Top of Data for the task
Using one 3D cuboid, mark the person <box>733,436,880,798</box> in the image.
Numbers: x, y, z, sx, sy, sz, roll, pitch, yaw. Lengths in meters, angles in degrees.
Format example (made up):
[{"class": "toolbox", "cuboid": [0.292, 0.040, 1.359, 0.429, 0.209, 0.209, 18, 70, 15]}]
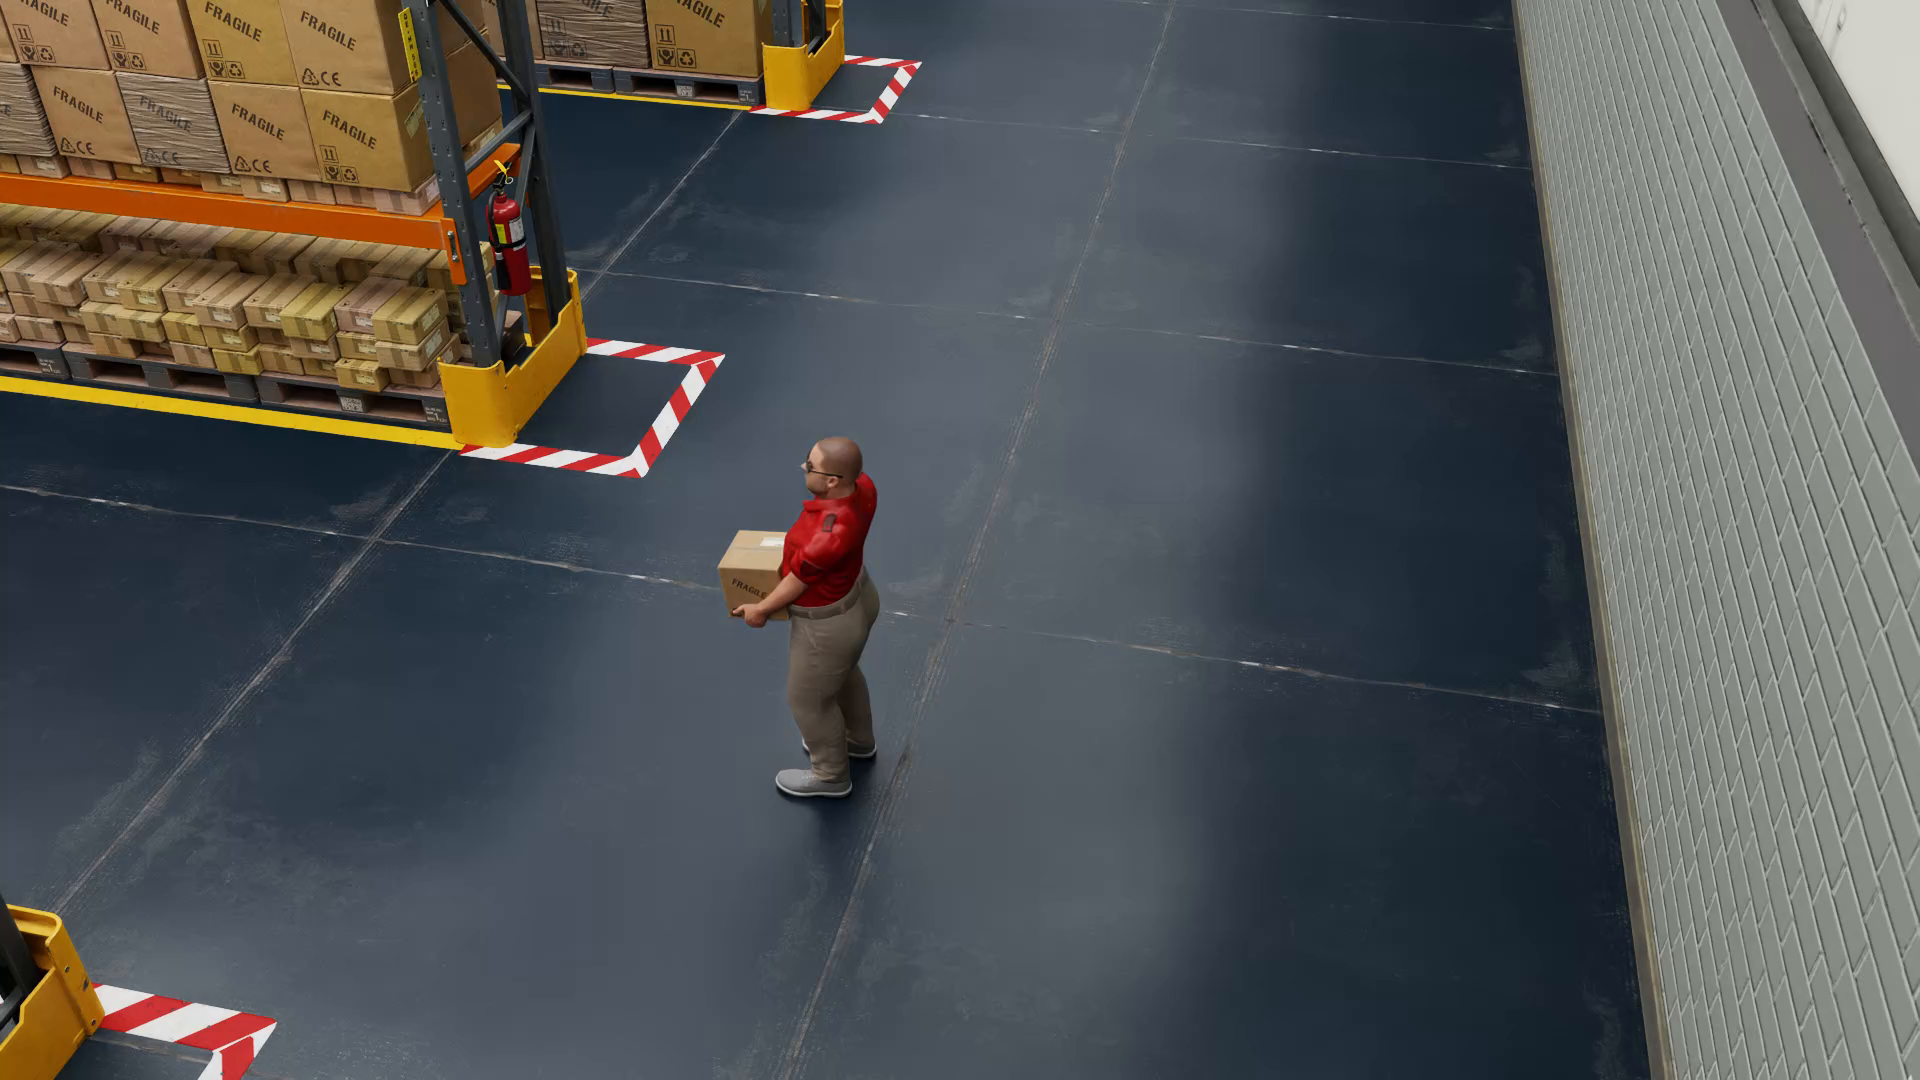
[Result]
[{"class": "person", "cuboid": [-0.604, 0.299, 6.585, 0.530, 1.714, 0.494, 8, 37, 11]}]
Bottom of Data for the task
Top of Data for the task
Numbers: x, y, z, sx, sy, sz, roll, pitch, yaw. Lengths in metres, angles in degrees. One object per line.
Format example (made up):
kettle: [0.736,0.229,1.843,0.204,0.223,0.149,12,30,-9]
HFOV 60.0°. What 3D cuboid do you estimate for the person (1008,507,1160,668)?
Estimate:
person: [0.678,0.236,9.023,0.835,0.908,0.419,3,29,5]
Bottom of Data for the task
= Work to complete =
In the records above, which lines hold the string "Lengths"? Copy each one.

= Task answer =
Numbers: x, y, z, sx, sy, sz, roll, pitch, yaw. Lengths in meters, angles in degrees.
Numbers: x, y, z, sx, sy, sz, roll, pitch, yaw. Lengths in metres, angles in degrees. One object per line.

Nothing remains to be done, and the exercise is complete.